> [WORK INSTRUCTIONS]
Given the records below, would you repeat exactly the lines that begin at the one containing "Offer a very short reply. 0.2." and end at the one containing "Offer a terse response. 3.49.", inclusive?

[Stored entries]
——

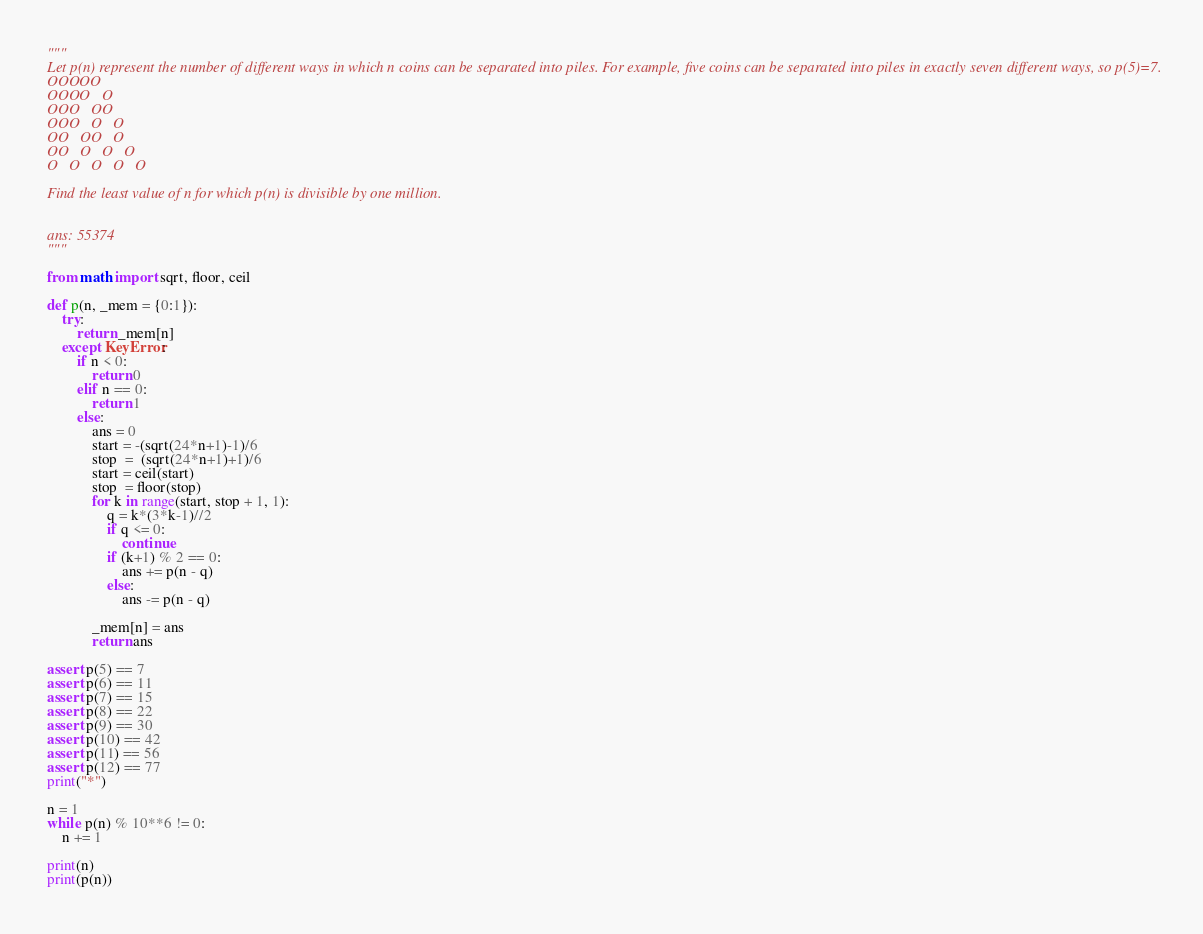<code> <loc_0><loc_0><loc_500><loc_500><_Python_>"""
Let p(n) represent the number of different ways in which n coins can be separated into piles. For example, five coins can be separated into piles in exactly seven different ways, so p(5)=7.
OOOOO
OOOO   O
OOO   OO
OOO   O   O
OO   OO   O
OO   O   O   O
O   O   O   O   O

Find the least value of n for which p(n) is divisible by one million.


ans: 55374
"""

from math import sqrt, floor, ceil

def p(n, _mem = {0:1}):
	try:
		return _mem[n]
	except KeyError:
		if n < 0:
			return 0
		elif n == 0:
			return 1
		else:
			ans = 0
			start = -(sqrt(24*n+1)-1)/6
			stop  =  (sqrt(24*n+1)+1)/6
			start = ceil(start)
			stop  = floor(stop)
			for k in range(start, stop + 1, 1):
				q = k*(3*k-1)//2
				if q <= 0:
					continue				
				if (k+1) % 2 == 0:
					ans += p(n - q)
				else:
					ans -= p(n - q)
					
			_mem[n] = ans
			return ans

assert p(5) == 7
assert p(6) == 11
assert p(7) == 15
assert p(8) == 22
assert p(9) == 30
assert p(10) == 42
assert p(11) == 56
assert p(12) == 77
print("*")

n = 1
while p(n) % 10**6 != 0:
	n += 1

print(n)
print(p(n))</code> 
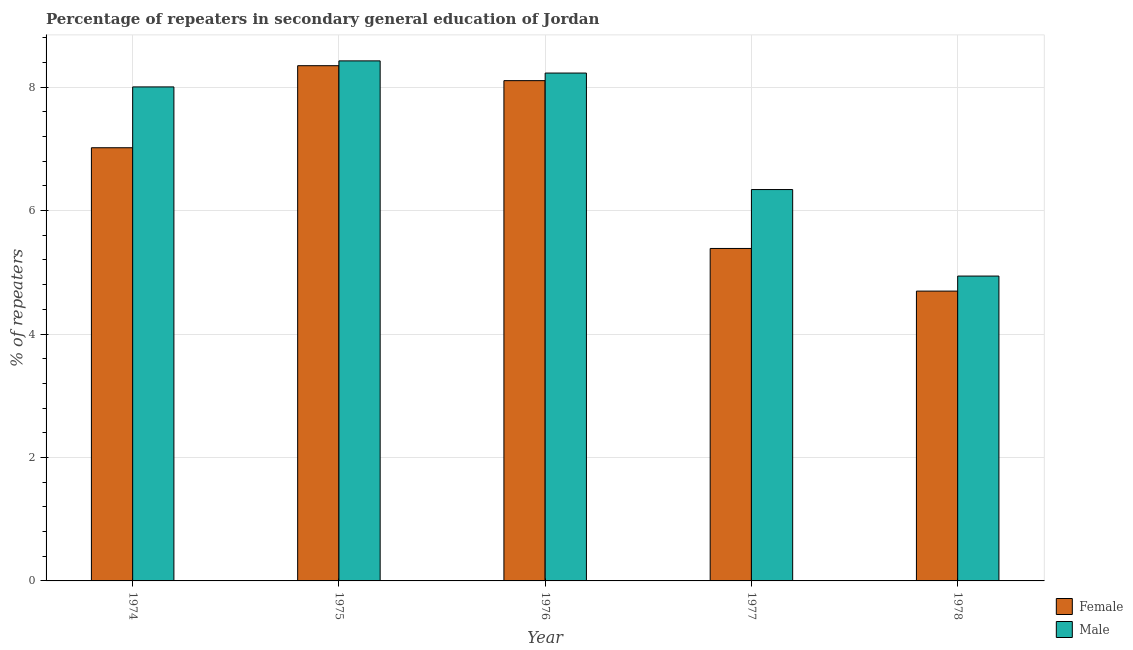How many different coloured bars are there?
Make the answer very short. 2. How many groups of bars are there?
Your answer should be very brief. 5. Are the number of bars per tick equal to the number of legend labels?
Offer a very short reply. Yes. How many bars are there on the 5th tick from the left?
Your answer should be very brief. 2. How many bars are there on the 4th tick from the right?
Give a very brief answer. 2. What is the label of the 1st group of bars from the left?
Your answer should be compact. 1974. In how many cases, is the number of bars for a given year not equal to the number of legend labels?
Your answer should be compact. 0. What is the percentage of female repeaters in 1978?
Your answer should be compact. 4.7. Across all years, what is the maximum percentage of male repeaters?
Your answer should be very brief. 8.43. Across all years, what is the minimum percentage of female repeaters?
Your answer should be very brief. 4.7. In which year was the percentage of female repeaters maximum?
Your answer should be very brief. 1975. In which year was the percentage of female repeaters minimum?
Make the answer very short. 1978. What is the total percentage of female repeaters in the graph?
Offer a terse response. 33.56. What is the difference between the percentage of female repeaters in 1975 and that in 1977?
Your answer should be very brief. 2.96. What is the difference between the percentage of male repeaters in 1976 and the percentage of female repeaters in 1977?
Offer a terse response. 1.89. What is the average percentage of female repeaters per year?
Make the answer very short. 6.71. In the year 1977, what is the difference between the percentage of female repeaters and percentage of male repeaters?
Your response must be concise. 0. What is the ratio of the percentage of female repeaters in 1975 to that in 1976?
Keep it short and to the point. 1.03. Is the percentage of male repeaters in 1974 less than that in 1976?
Keep it short and to the point. Yes. What is the difference between the highest and the second highest percentage of male repeaters?
Your response must be concise. 0.2. What is the difference between the highest and the lowest percentage of female repeaters?
Make the answer very short. 3.65. How many bars are there?
Ensure brevity in your answer.  10. Are all the bars in the graph horizontal?
Ensure brevity in your answer.  No. What is the difference between two consecutive major ticks on the Y-axis?
Your response must be concise. 2. Are the values on the major ticks of Y-axis written in scientific E-notation?
Offer a very short reply. No. Does the graph contain grids?
Provide a succinct answer. Yes. Where does the legend appear in the graph?
Your answer should be very brief. Bottom right. How are the legend labels stacked?
Offer a very short reply. Vertical. What is the title of the graph?
Your answer should be very brief. Percentage of repeaters in secondary general education of Jordan. Does "Arms exports" appear as one of the legend labels in the graph?
Your answer should be compact. No. What is the label or title of the Y-axis?
Make the answer very short. % of repeaters. What is the % of repeaters of Female in 1974?
Offer a terse response. 7.02. What is the % of repeaters of Male in 1974?
Give a very brief answer. 8. What is the % of repeaters of Female in 1975?
Your answer should be very brief. 8.35. What is the % of repeaters of Male in 1975?
Give a very brief answer. 8.43. What is the % of repeaters in Female in 1976?
Your answer should be compact. 8.11. What is the % of repeaters in Male in 1976?
Your answer should be very brief. 8.23. What is the % of repeaters in Female in 1977?
Provide a short and direct response. 5.39. What is the % of repeaters in Male in 1977?
Provide a succinct answer. 6.34. What is the % of repeaters in Female in 1978?
Ensure brevity in your answer.  4.7. What is the % of repeaters in Male in 1978?
Your answer should be very brief. 4.94. Across all years, what is the maximum % of repeaters in Female?
Ensure brevity in your answer.  8.35. Across all years, what is the maximum % of repeaters in Male?
Your answer should be very brief. 8.43. Across all years, what is the minimum % of repeaters in Female?
Your response must be concise. 4.7. Across all years, what is the minimum % of repeaters in Male?
Provide a short and direct response. 4.94. What is the total % of repeaters of Female in the graph?
Give a very brief answer. 33.56. What is the total % of repeaters of Male in the graph?
Provide a short and direct response. 35.94. What is the difference between the % of repeaters of Female in 1974 and that in 1975?
Your answer should be compact. -1.33. What is the difference between the % of repeaters of Male in 1974 and that in 1975?
Offer a terse response. -0.42. What is the difference between the % of repeaters of Female in 1974 and that in 1976?
Give a very brief answer. -1.09. What is the difference between the % of repeaters in Male in 1974 and that in 1976?
Give a very brief answer. -0.22. What is the difference between the % of repeaters of Female in 1974 and that in 1977?
Offer a very short reply. 1.63. What is the difference between the % of repeaters in Male in 1974 and that in 1977?
Ensure brevity in your answer.  1.66. What is the difference between the % of repeaters of Female in 1974 and that in 1978?
Make the answer very short. 2.32. What is the difference between the % of repeaters of Male in 1974 and that in 1978?
Offer a terse response. 3.07. What is the difference between the % of repeaters in Female in 1975 and that in 1976?
Your response must be concise. 0.24. What is the difference between the % of repeaters in Male in 1975 and that in 1976?
Your answer should be compact. 0.2. What is the difference between the % of repeaters of Female in 1975 and that in 1977?
Ensure brevity in your answer.  2.96. What is the difference between the % of repeaters in Male in 1975 and that in 1977?
Your answer should be compact. 2.08. What is the difference between the % of repeaters of Female in 1975 and that in 1978?
Keep it short and to the point. 3.65. What is the difference between the % of repeaters in Male in 1975 and that in 1978?
Make the answer very short. 3.49. What is the difference between the % of repeaters in Female in 1976 and that in 1977?
Offer a very short reply. 2.72. What is the difference between the % of repeaters in Male in 1976 and that in 1977?
Keep it short and to the point. 1.89. What is the difference between the % of repeaters of Female in 1976 and that in 1978?
Your answer should be very brief. 3.41. What is the difference between the % of repeaters of Male in 1976 and that in 1978?
Give a very brief answer. 3.29. What is the difference between the % of repeaters of Female in 1977 and that in 1978?
Make the answer very short. 0.69. What is the difference between the % of repeaters of Male in 1977 and that in 1978?
Offer a very short reply. 1.4. What is the difference between the % of repeaters in Female in 1974 and the % of repeaters in Male in 1975?
Offer a very short reply. -1.41. What is the difference between the % of repeaters of Female in 1974 and the % of repeaters of Male in 1976?
Ensure brevity in your answer.  -1.21. What is the difference between the % of repeaters of Female in 1974 and the % of repeaters of Male in 1977?
Offer a very short reply. 0.68. What is the difference between the % of repeaters in Female in 1974 and the % of repeaters in Male in 1978?
Your answer should be very brief. 2.08. What is the difference between the % of repeaters of Female in 1975 and the % of repeaters of Male in 1976?
Give a very brief answer. 0.12. What is the difference between the % of repeaters in Female in 1975 and the % of repeaters in Male in 1977?
Offer a very short reply. 2.01. What is the difference between the % of repeaters in Female in 1975 and the % of repeaters in Male in 1978?
Make the answer very short. 3.41. What is the difference between the % of repeaters of Female in 1976 and the % of repeaters of Male in 1977?
Your response must be concise. 1.76. What is the difference between the % of repeaters of Female in 1976 and the % of repeaters of Male in 1978?
Keep it short and to the point. 3.17. What is the difference between the % of repeaters in Female in 1977 and the % of repeaters in Male in 1978?
Your answer should be very brief. 0.45. What is the average % of repeaters in Female per year?
Give a very brief answer. 6.71. What is the average % of repeaters of Male per year?
Keep it short and to the point. 7.19. In the year 1974, what is the difference between the % of repeaters in Female and % of repeaters in Male?
Keep it short and to the point. -0.99. In the year 1975, what is the difference between the % of repeaters of Female and % of repeaters of Male?
Give a very brief answer. -0.08. In the year 1976, what is the difference between the % of repeaters of Female and % of repeaters of Male?
Provide a short and direct response. -0.12. In the year 1977, what is the difference between the % of repeaters of Female and % of repeaters of Male?
Your response must be concise. -0.95. In the year 1978, what is the difference between the % of repeaters of Female and % of repeaters of Male?
Offer a very short reply. -0.24. What is the ratio of the % of repeaters in Female in 1974 to that in 1975?
Give a very brief answer. 0.84. What is the ratio of the % of repeaters in Male in 1974 to that in 1975?
Your response must be concise. 0.95. What is the ratio of the % of repeaters in Female in 1974 to that in 1976?
Your answer should be compact. 0.87. What is the ratio of the % of repeaters of Male in 1974 to that in 1976?
Your answer should be very brief. 0.97. What is the ratio of the % of repeaters in Female in 1974 to that in 1977?
Provide a short and direct response. 1.3. What is the ratio of the % of repeaters in Male in 1974 to that in 1977?
Offer a terse response. 1.26. What is the ratio of the % of repeaters in Female in 1974 to that in 1978?
Ensure brevity in your answer.  1.49. What is the ratio of the % of repeaters of Male in 1974 to that in 1978?
Keep it short and to the point. 1.62. What is the ratio of the % of repeaters of Female in 1975 to that in 1976?
Offer a very short reply. 1.03. What is the ratio of the % of repeaters in Male in 1975 to that in 1976?
Keep it short and to the point. 1.02. What is the ratio of the % of repeaters in Female in 1975 to that in 1977?
Your response must be concise. 1.55. What is the ratio of the % of repeaters in Male in 1975 to that in 1977?
Your answer should be compact. 1.33. What is the ratio of the % of repeaters of Female in 1975 to that in 1978?
Offer a very short reply. 1.78. What is the ratio of the % of repeaters of Male in 1975 to that in 1978?
Your answer should be very brief. 1.71. What is the ratio of the % of repeaters in Female in 1976 to that in 1977?
Ensure brevity in your answer.  1.5. What is the ratio of the % of repeaters of Male in 1976 to that in 1977?
Ensure brevity in your answer.  1.3. What is the ratio of the % of repeaters in Female in 1976 to that in 1978?
Offer a terse response. 1.73. What is the ratio of the % of repeaters in Male in 1976 to that in 1978?
Give a very brief answer. 1.67. What is the ratio of the % of repeaters in Female in 1977 to that in 1978?
Your answer should be compact. 1.15. What is the ratio of the % of repeaters of Male in 1977 to that in 1978?
Give a very brief answer. 1.28. What is the difference between the highest and the second highest % of repeaters in Female?
Offer a terse response. 0.24. What is the difference between the highest and the second highest % of repeaters in Male?
Offer a very short reply. 0.2. What is the difference between the highest and the lowest % of repeaters in Female?
Keep it short and to the point. 3.65. What is the difference between the highest and the lowest % of repeaters in Male?
Offer a terse response. 3.49. 
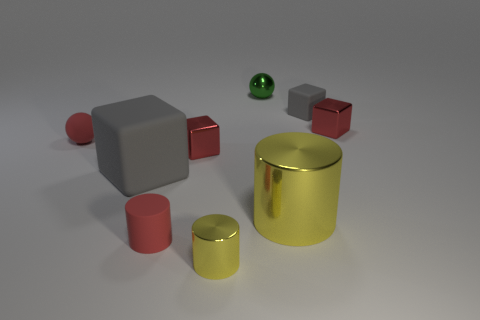How many other things are there of the same size as the green thing?
Make the answer very short. 6. There is a small block that is in front of the red cube on the right side of the metallic cube left of the small yellow metallic thing; what is its color?
Your answer should be compact. Red. What shape is the metal thing that is both behind the red ball and in front of the small green metallic ball?
Give a very brief answer. Cube. How many other objects are the same shape as the green shiny thing?
Your answer should be very brief. 1. The red thing right of the gray matte block that is behind the sphere that is in front of the tiny gray object is what shape?
Give a very brief answer. Cube. How many things are either metallic things or yellow cylinders that are left of the green ball?
Offer a terse response. 5. Is the shape of the tiny red rubber object that is behind the red cylinder the same as the green metallic object that is behind the rubber sphere?
Your response must be concise. Yes. What number of things are big yellow objects or rubber things?
Your response must be concise. 5. Is there a small gray block?
Make the answer very short. Yes. Are the sphere that is in front of the small metallic ball and the red cylinder made of the same material?
Offer a terse response. Yes. 
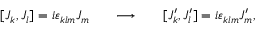Convert formula to latex. <formula><loc_0><loc_0><loc_500><loc_500>[ J _ { k } , J _ { l } ] = i \varepsilon _ { k l m } J _ { m } \quad \ \longrightarrow \quad \ [ J _ { k } ^ { \prime } , J _ { l } ^ { \prime } ] = i \varepsilon _ { k l m } J _ { m } ^ { \prime } ,</formula> 
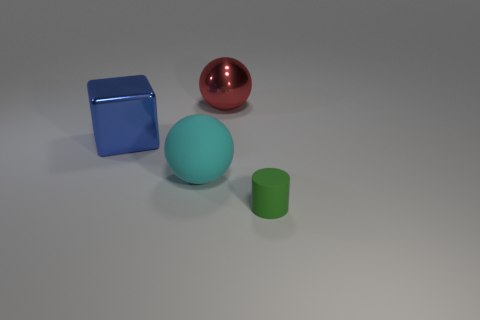Add 4 gray things. How many objects exist? 8 Subtract all red balls. How many balls are left? 1 Subtract all cylinders. How many objects are left? 3 Subtract 0 cyan cylinders. How many objects are left? 4 Subtract all gray cubes. Subtract all green spheres. How many cubes are left? 1 Subtract all yellow balls. Subtract all green things. How many objects are left? 3 Add 2 large cyan matte things. How many large cyan matte things are left? 3 Add 2 large cyan rubber things. How many large cyan rubber things exist? 3 
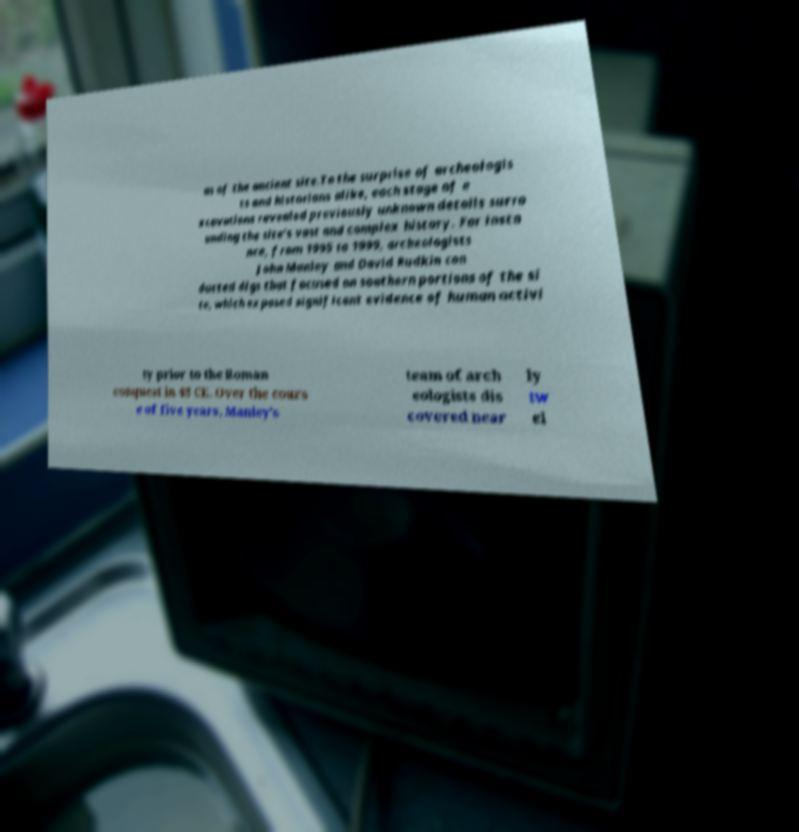What messages or text are displayed in this image? I need them in a readable, typed format. as of the ancient site.To the surprise of archeologis ts and historians alike, each stage of e xcavations revealed previously unknown details surro unding the site’s vast and complex history. For insta nce, from 1995 to 1999, archeologists John Manley and David Rudkin con ducted digs that focused on southern portions of the si te, which exposed significant evidence of human activi ty prior to the Roman conquest in 43 CE. Over the cours e of five years, Manley’s team of arch eologists dis covered near ly tw el 
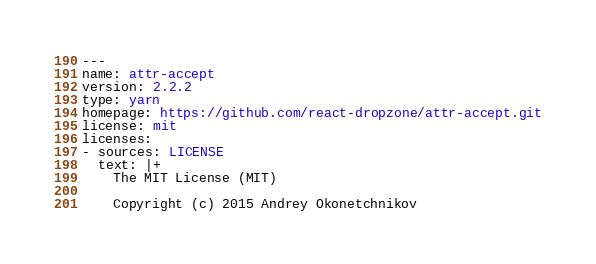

——

> [ANSWER SPACE]
Offer a very short reply. 0.2. What is the difference between the highest and the lowest % of repeaters in Female?
Keep it short and to the point. 3.65. What is the difference between the highest and the lowest % of repeaters in Male?
Offer a terse response. 3.49. 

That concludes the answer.